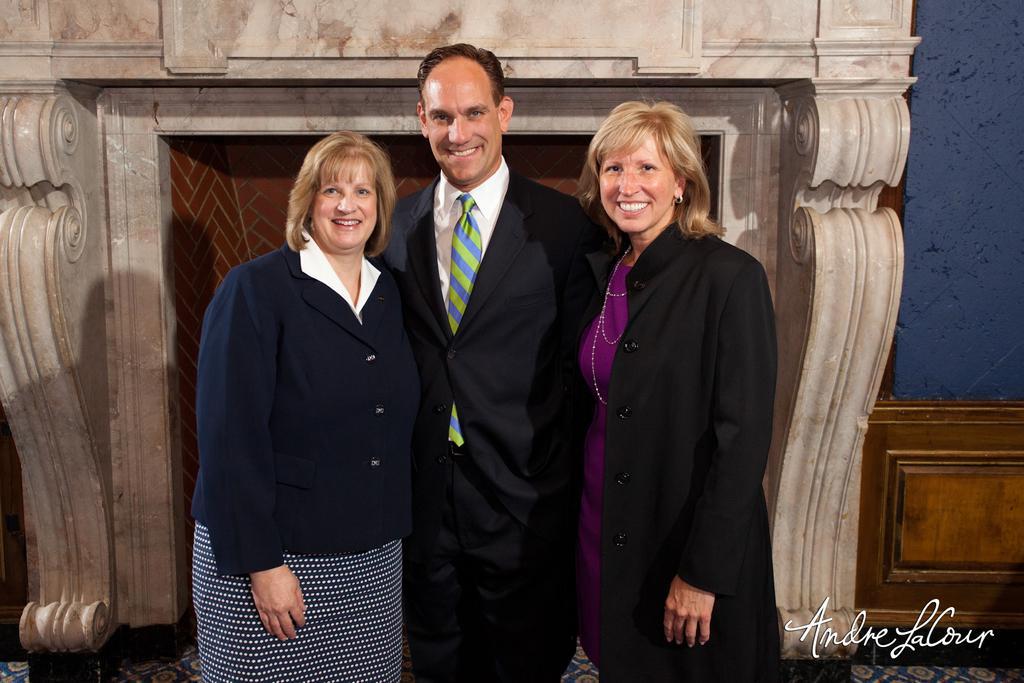In one or two sentences, can you explain what this image depicts? In this image, there are a few people. We can see the ground. We can see the fireplace. We can also see the wall and some wood. We can also see some text on the bottom right corner. 
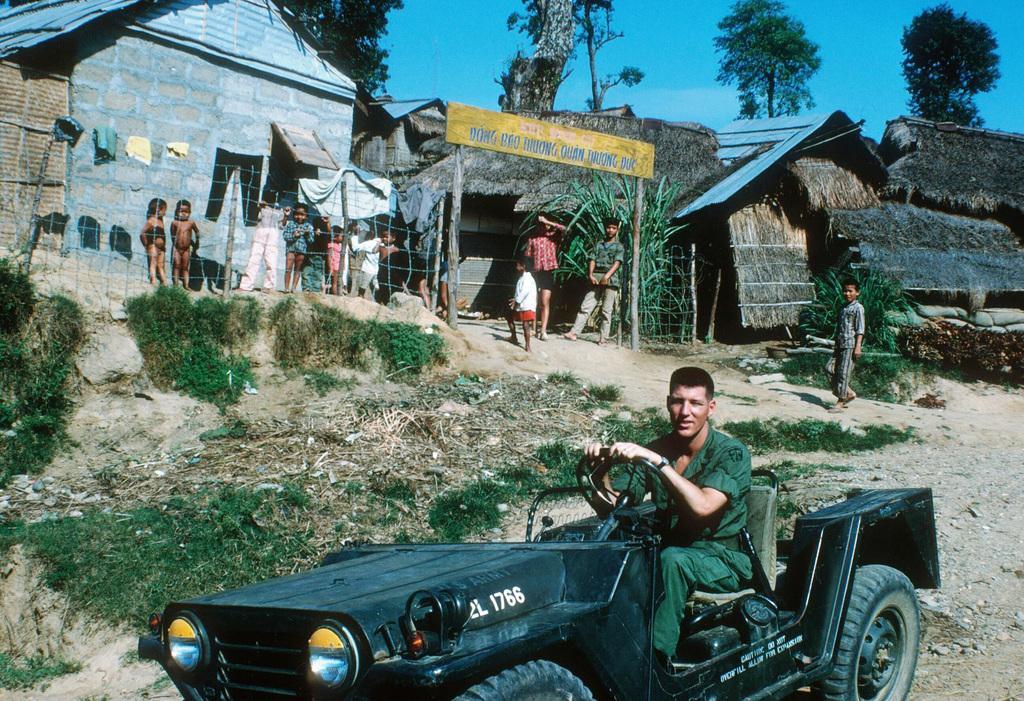Can you describe this image briefly? In this image the person is driving a car. At the back side few people are standing. There is arch. There are houses and a tree. 
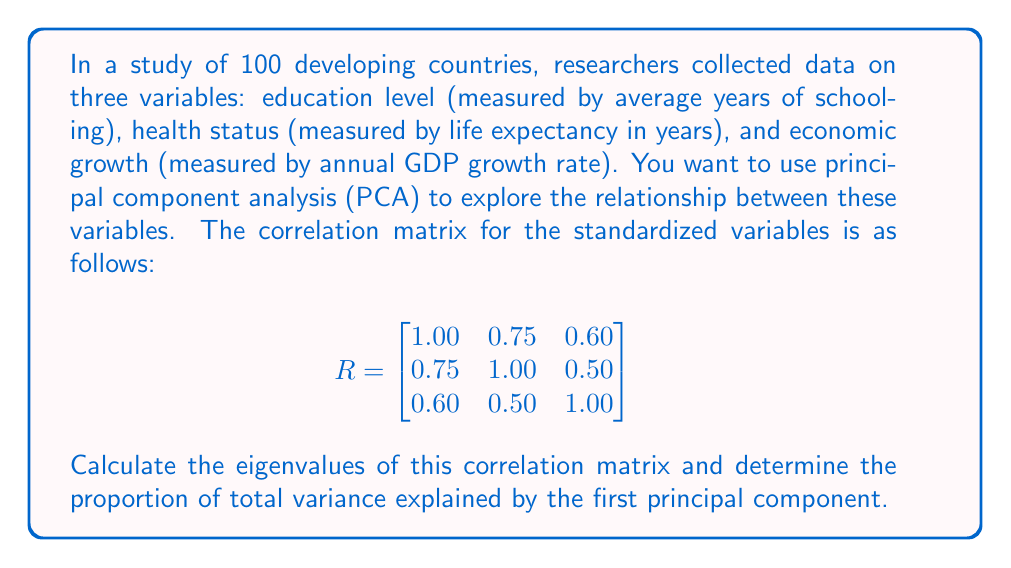Could you help me with this problem? To solve this problem, we'll follow these steps:

1) First, we need to find the eigenvalues of the correlation matrix. The characteristic equation is:

   $$det(R - \lambda I) = 0$$

   where $I$ is the 3x3 identity matrix and $\lambda$ represents the eigenvalues.

2) Expanding this determinant:

   $$
   \begin{vmatrix}
   1-\lambda & 0.75 & 0.60 \\
   0.75 & 1-\lambda & 0.50 \\
   0.60 & 0.50 & 1-\lambda
   \end{vmatrix} = 0
   $$

3) This expands to the cubic equation:

   $$-\lambda^3 + 3\lambda^2 - 2.0375\lambda + 0.2775 = 0$$

4) Solving this equation (usually with computational aid) gives us the eigenvalues:

   $$\lambda_1 \approx 2.1775, \lambda_2 \approx 0.5450, \lambda_3 \approx 0.2775$$

5) The total variance in a PCA of a correlation matrix is always equal to the number of variables, which in this case is 3.

6) The proportion of variance explained by the first principal component is the largest eigenvalue divided by the total variance:

   $$\frac{\lambda_1}{3} = \frac{2.1775}{3} \approx 0.7258$$

Therefore, the first principal component explains approximately 72.58% of the total variance.
Answer: The eigenvalues are approximately 2.1775, 0.5450, and 0.2775. The proportion of total variance explained by the first principal component is approximately 0.7258 or 72.58%. 
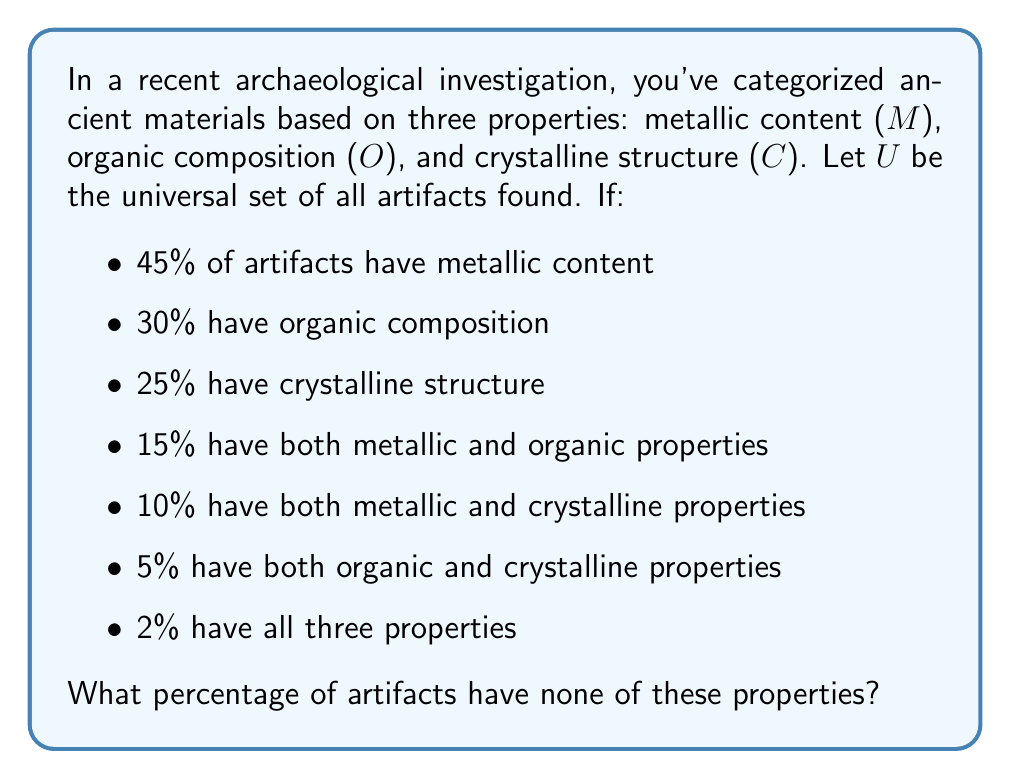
--------------------------------
Report each line above that includes the string "correlation".

1) First, we need to find the eigenvalues of the correlation matrix. The characteristic equation is:
5) The total variance in a PCA of a correlation matrix is always equal to the number of variables, which in this case is 3.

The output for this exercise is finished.